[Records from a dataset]
######

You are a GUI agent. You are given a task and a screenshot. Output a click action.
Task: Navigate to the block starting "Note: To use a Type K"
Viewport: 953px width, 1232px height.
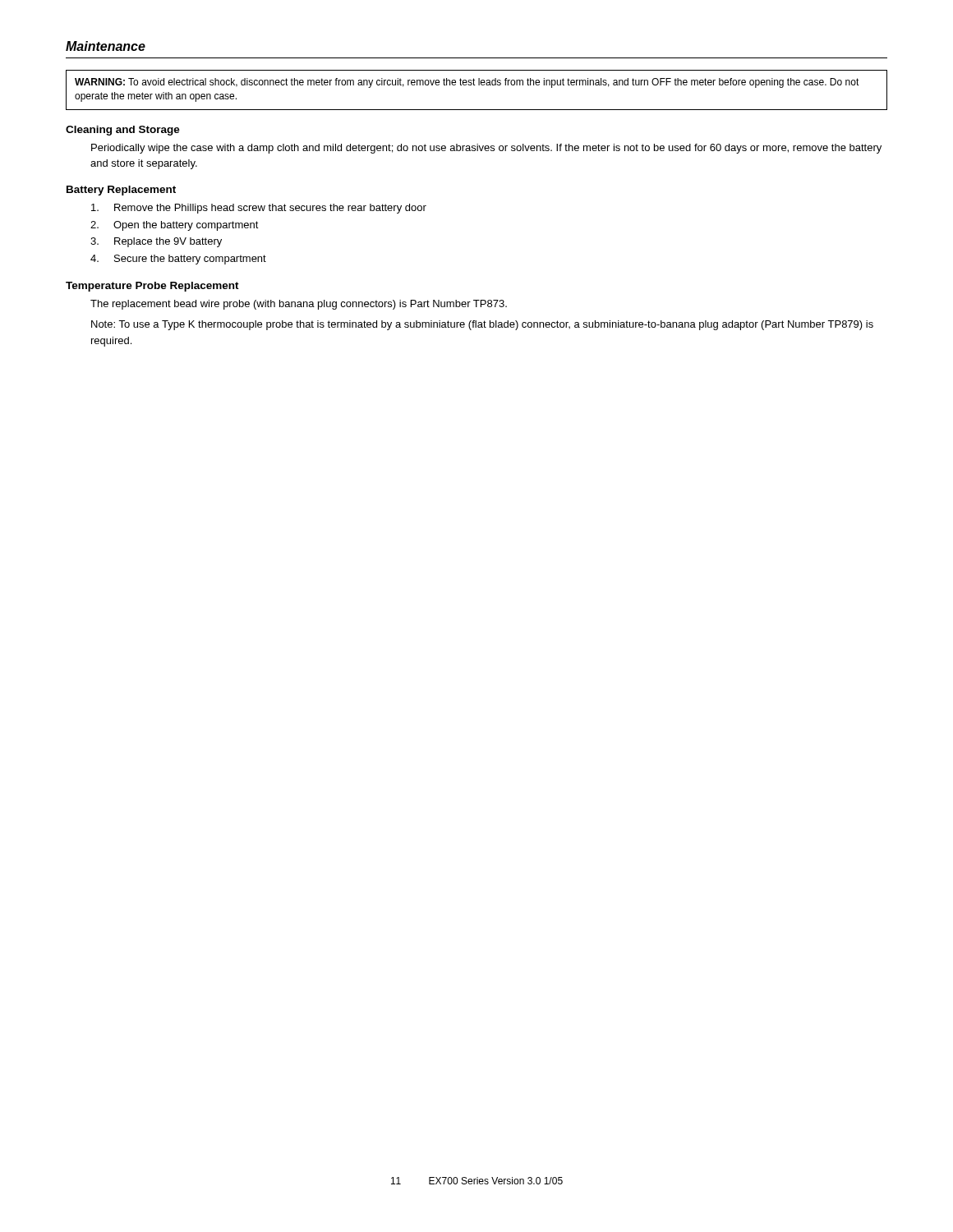(482, 332)
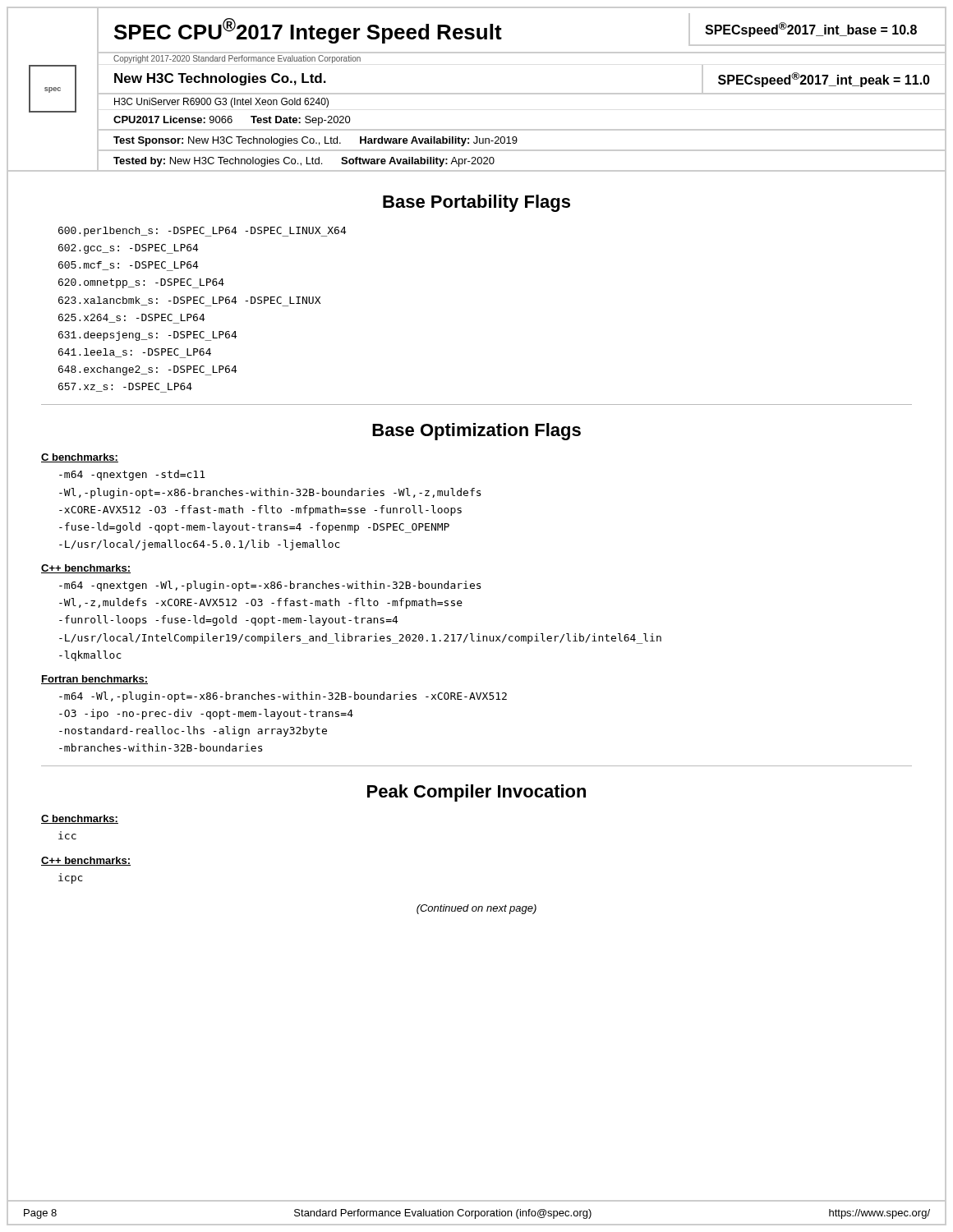Locate the section header with the text "Base Portability Flags"
This screenshot has width=953, height=1232.
point(476,202)

######

- What the exercise asks -
After locating the line that contains "Task: Navigate to", please copy exactly every line from the start of the records through it, and nothing else.

- Response to the exercise -
You are a GUI agent. You are given a task and a screenshot. Output a click action.
Task: Navigate to the block starting "Note: To use a Type K"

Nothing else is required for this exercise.